Si Cacing dan Kotoran Kesayangannya adalah sebuah judul buku trilogi. Hadir beberapa tahun lalu dengan judul Membuka Pintu Hati yang kemudian berganti judul menjadi Si Cacing dan Kotoran Kesayangannya telah menyedot begitu banyak pembaca dari berbagai agama, suku, ras dan lain sebagainya, untuk membaca buku ini.
Ajahn Brahm adalah tokoh dibalik kesuksesan buku yang telah diterbitkan di berbagai negara dan diterjemahkan ke dalam begitu banyak bahasa, menjadi sebuah jaminan mutu untuk sebuah bacaan yang bermutu, sarat pesan moral, tawa, dan juga inspirasi.
Hadir melengkapi dua buku sebelumnya, Si Cacing dan Kotoran Kesayangannya 3! bukanlah hanya sekadar pelengkap dari trilogi semata. Buku Si Cacing dan Kotoran Kesayangannya 3! ini kembali memberikan pembelajaran-pembelajaran mengenai kehidupan yang belum dibahas pada dua buku terdahulunya.

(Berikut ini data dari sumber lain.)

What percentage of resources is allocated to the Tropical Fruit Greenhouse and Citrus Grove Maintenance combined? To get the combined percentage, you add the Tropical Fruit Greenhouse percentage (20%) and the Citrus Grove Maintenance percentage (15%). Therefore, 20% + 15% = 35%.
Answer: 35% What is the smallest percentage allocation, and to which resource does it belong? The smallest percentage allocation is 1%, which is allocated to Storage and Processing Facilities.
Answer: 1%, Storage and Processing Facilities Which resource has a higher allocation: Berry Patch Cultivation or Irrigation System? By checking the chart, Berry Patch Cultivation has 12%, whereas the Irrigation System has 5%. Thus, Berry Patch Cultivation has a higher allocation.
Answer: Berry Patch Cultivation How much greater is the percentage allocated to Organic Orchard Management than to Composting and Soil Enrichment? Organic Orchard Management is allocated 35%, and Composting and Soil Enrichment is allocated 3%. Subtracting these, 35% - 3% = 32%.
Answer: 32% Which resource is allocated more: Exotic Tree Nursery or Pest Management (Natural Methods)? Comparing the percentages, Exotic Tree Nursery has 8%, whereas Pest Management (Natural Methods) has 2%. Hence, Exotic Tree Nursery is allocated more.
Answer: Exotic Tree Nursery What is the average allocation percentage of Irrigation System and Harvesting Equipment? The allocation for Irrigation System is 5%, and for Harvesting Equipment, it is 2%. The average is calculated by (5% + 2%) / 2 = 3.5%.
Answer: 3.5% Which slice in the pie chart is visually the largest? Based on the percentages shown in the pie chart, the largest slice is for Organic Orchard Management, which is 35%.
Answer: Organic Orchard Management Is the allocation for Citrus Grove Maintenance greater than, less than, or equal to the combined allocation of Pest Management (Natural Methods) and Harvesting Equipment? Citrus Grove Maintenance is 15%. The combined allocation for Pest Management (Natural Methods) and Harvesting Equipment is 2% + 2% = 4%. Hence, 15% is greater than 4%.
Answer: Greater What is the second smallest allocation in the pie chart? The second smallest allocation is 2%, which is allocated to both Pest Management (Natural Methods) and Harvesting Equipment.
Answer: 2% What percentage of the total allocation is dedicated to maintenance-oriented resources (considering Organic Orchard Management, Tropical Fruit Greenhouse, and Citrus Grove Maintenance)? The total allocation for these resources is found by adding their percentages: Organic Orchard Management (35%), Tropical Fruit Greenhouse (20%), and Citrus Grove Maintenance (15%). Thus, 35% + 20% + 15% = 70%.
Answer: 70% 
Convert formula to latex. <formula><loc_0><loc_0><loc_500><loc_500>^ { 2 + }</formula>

Mengetahui bahwa ini adalah buku terakhir dari trilogi 108 kisah pembuka hati, Ajahn Brahm menghadirkan begitu banyak kisah andalannya, yang memberikan kita pembelajaran mengenai kehidupan serta tak luput juga menertawakan kebodohan-kebodohan kita sendiri.
Banyak kisah dari buku ini yang mengundang pembacanya untuk tertawa terbahak-bahak, membuka mulutnya cukup lebar, sehingga Ajahn Brahm dapat begitu mudah untuk memasukkan pil-pil kebijaksanaan ke dalam diri pembaca tanpa disadari oleh pembaca itu sendiri.
Dengan kekuatan konsepnya, Ajahn Brahm melalui buku ini menghadirkan sebuah bacaan yang menggembirakan untuk dibaca hingga berulang kali untuk segala kondisi batin yang pembaca alami. Kesal, gembira, lelah, bersemangat, depresi, penuh kebahagiaan, berada di puncak kehormatan,ataupun terpuruk dalam kegagalan, buku ini memberikan semua pembelajaran untuk apapun kondisi batin pembaca.
Sebagai salah satu penikmat semua buku dari Ajahn Brahm, Si Cacing dan Kotoran Kesayangannya 3! ini menjadi sebuah bacaan yang lebih baik (menurut persepsi saya) daripada buku terdahulu Si Cacing dan Kotoran Kesayangannya 2! dan menyamai keindahan buku Si Cacing dan Kotoran Kesayangannya.
Melalui buku ini, Ajahn Brahm menularkan prinsip-prinsip kebahagiaan hidup yang dijalani dan dialaminya sendiri, yang membuat dirinya menjadi sosok pribadi yang begitu bahagia dan juga tenang dalam menjalani kehidupan sehari-hari. Tercantum juga beberapa kisah klasik Buddhis yang dikemas dengan bahasa yang berbeda untuk membuat pembaca tidak menganggap ini sebuah kisah yang sama dan membosankan, namun tetap menghadirkan esensi ajaran Buddha yang baik, welas asih, dan universal.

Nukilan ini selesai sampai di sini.